“But in all these things we overwhelmingly conquer through Him who loved us. For I am convinced that neither death, nor life, nor angels, nor principalities, nor things present, nor things to come, nor powers, nor height, nor depth, nor any other created thing, will be able to separate us from the love of God, which is in Christ Jesus our Lord.” Romans 8:37-39
A few months ago, I became painfully aware that I was not convinced of His Great Love.
I sat among friends who all experienced this grand, surpassing peace, knowing that no matter what happened in this life, they were fully convinced of God’s love for them. And I sat bitterly alone, knowing that while I preached His love and grace exist freely for the entire world, I kept none for myself. How could I allow myself to be loved by God when I was convinced that I was unlovable? There was no lonelier feeling.
My prayer became, “Convince me, O God. Convince me of Your Great Love. I beg you.
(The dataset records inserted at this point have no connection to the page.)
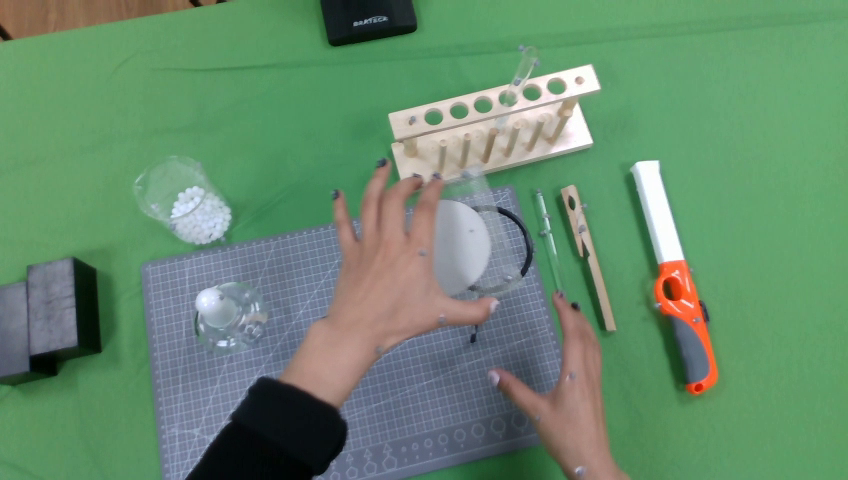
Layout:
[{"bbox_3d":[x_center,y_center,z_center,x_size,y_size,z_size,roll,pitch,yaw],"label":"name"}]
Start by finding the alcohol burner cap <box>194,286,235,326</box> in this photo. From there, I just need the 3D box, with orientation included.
[{"bbox_3d":[-0.210,0.063,0.601,0.034,0.048,0.033,1,62,-1],"label":"alcohol burner cap"}]

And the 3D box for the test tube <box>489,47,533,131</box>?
[{"bbox_3d":[0.096,-0.165,0.681,0.017,0.151,0.017,2,70,-6],"label":"test tube"}]

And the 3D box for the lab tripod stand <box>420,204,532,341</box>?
[{"bbox_3d":[0.055,0.025,0.645,0.148,0.132,0.147,0,73,1],"label":"lab tripod stand"}]

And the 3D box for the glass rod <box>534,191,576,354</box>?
[{"bbox_3d":[0.154,0.036,0.713,0.008,0.008,0.198,-9,76,-4],"label":"glass rod"}]

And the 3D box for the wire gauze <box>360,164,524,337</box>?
[{"bbox_3d":[0.013,0.008,0.537,0.121,0.011,0.124,-22,75,12],"label":"wire gauze"}]

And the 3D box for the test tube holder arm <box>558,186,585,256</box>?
[{"bbox_3d":[0.180,-0.023,0.726,0.010,0.015,0.087,-26,70,33],"label":"test tube holder arm"}]

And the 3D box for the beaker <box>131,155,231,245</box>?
[{"bbox_3d":[-0.268,-0.040,0.681,0.084,0.101,0.073,5,72,2],"label":"beaker"}]

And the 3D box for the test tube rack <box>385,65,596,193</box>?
[{"bbox_3d":[0.081,-0.130,0.722,0.242,0.085,0.066,-15,73,-5],"label":"test tube rack"}]

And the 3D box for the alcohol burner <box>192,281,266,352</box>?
[{"bbox_3d":[-0.210,0.076,0.635,0.078,0.120,0.077,0,71,1],"label":"alcohol burner"}]

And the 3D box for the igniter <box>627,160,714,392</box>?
[{"bbox_3d":[0.285,0.035,0.704,0.057,0.025,0.274,-5,73,-13],"label":"igniter"}]

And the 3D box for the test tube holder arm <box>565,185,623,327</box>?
[{"bbox_3d":[0.197,0.016,0.710,0.013,0.015,0.177,-28,69,32],"label":"test tube holder arm"}]
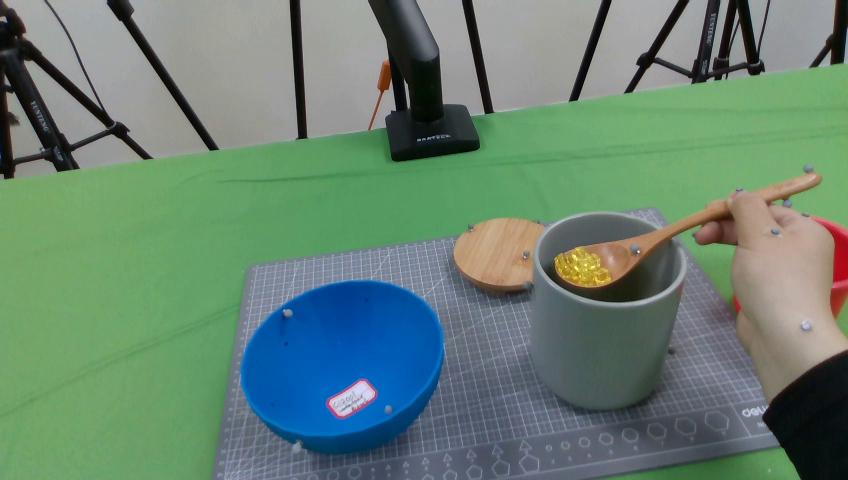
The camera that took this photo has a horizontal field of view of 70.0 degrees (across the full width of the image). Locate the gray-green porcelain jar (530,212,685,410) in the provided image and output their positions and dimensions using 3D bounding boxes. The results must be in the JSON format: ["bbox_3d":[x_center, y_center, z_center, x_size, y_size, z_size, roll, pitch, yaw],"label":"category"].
[{"bbox_3d":[0.135,0.059,0.467,0.106,0.128,0.105,-4,39,3],"label":"gray-green porcelain jar"}]

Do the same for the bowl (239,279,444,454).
[{"bbox_3d":[-0.057,0.109,0.469,0.151,0.077,0.150,-4,39,3],"label":"bowl"}]

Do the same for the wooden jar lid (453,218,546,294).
[{"bbox_3d":[0.083,0.017,0.612,0.108,0.021,0.107,-4,38,4],"label":"wooden jar lid"}]

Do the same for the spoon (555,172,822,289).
[{"bbox_3d":[0.186,-0.009,0.428,0.193,0.022,0.041,-24,40,8],"label":"spoon"}]
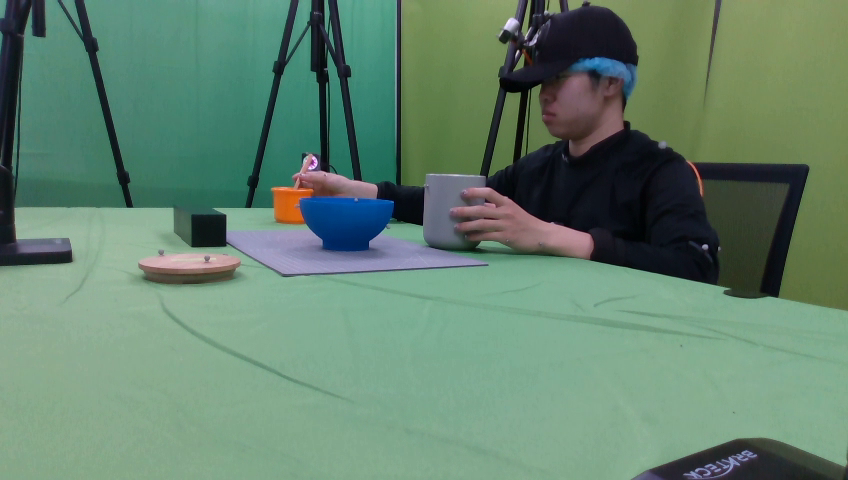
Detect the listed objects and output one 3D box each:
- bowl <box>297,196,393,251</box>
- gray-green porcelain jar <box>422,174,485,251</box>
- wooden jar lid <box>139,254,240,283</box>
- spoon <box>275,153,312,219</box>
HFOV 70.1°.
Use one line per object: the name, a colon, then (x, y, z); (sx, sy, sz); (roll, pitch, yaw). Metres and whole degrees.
bowl: (-0.125, -0.026, 0.958); (0.151, 0.077, 0.151); (2, 7, 0)
gray-green porcelain jar: (0.050, -0.049, 1.040); (0.106, 0.126, 0.106); (2, 8, 0)
wooden jar lid: (-0.269, 0.032, 0.698); (0.108, 0.020, 0.108); (2, 5, 0)
spoon: (-0.287, -0.124, 1.366); (0.041, 0.193, 0.021); (16, -29, 2)

Please convince me.” I found myself unable to enjoy the affection of others, the beauty of nature, the comfort of home, all because within my heart I did not believe God loved me.
Scrolling through old photographs on one particular day, I came coincidentally upon one of my baptism. I had seen the picture many times before but was unable to tear myself away from the image. The peaceful, joyful smile on my face as I stood drenched in the Living Water captivated me. Lyrics to a song echoed through my mind: Even when the rain falls, even when the flood starts rising, even when the storm comes…I am washed by the water.
Another thought came over me. A different Voice spoke. This happened. No matter what has happened since then, or what will happen tomorrow, THIS still happened, so nothing else matters.
I was still the same girl in the photograph. Perhaps I was still capable of the same joy and peace. I knew that on the day of my baptism there was nothing I was convinced of more than God’s love for me. Maybe I could be convinced again.
I walked into the kitchen, thoughts swirling. The Voice spoke again.
What? What’s here? I looked around. My eyes fell upon my sweet cat lounging under the table, then on my loyal dog staring up at me, her face awash with devotion. The flowers on the table, the coffee on the counter, the food I was about to enjoy. My hands flew to my mouth and tears sprang to my eyes as I slowly explored what I was discovering.
It was everywhere.
His Great Love was everywhere. In my wedding pictures, in the sunlight streaming in through the kitchen window, in the protective walls around me, in my last name. Despite the years of self-abuse, the nights I had spent in the arms of darkness, the hatred that had spewed from my lips, His Great Love was still delivering me. Every morning that I awoke in open and spacious freedom, every afternoon that I did not go home to loneliness, every night that I lay with my husband, and every moment that my heart kept beating was evidence.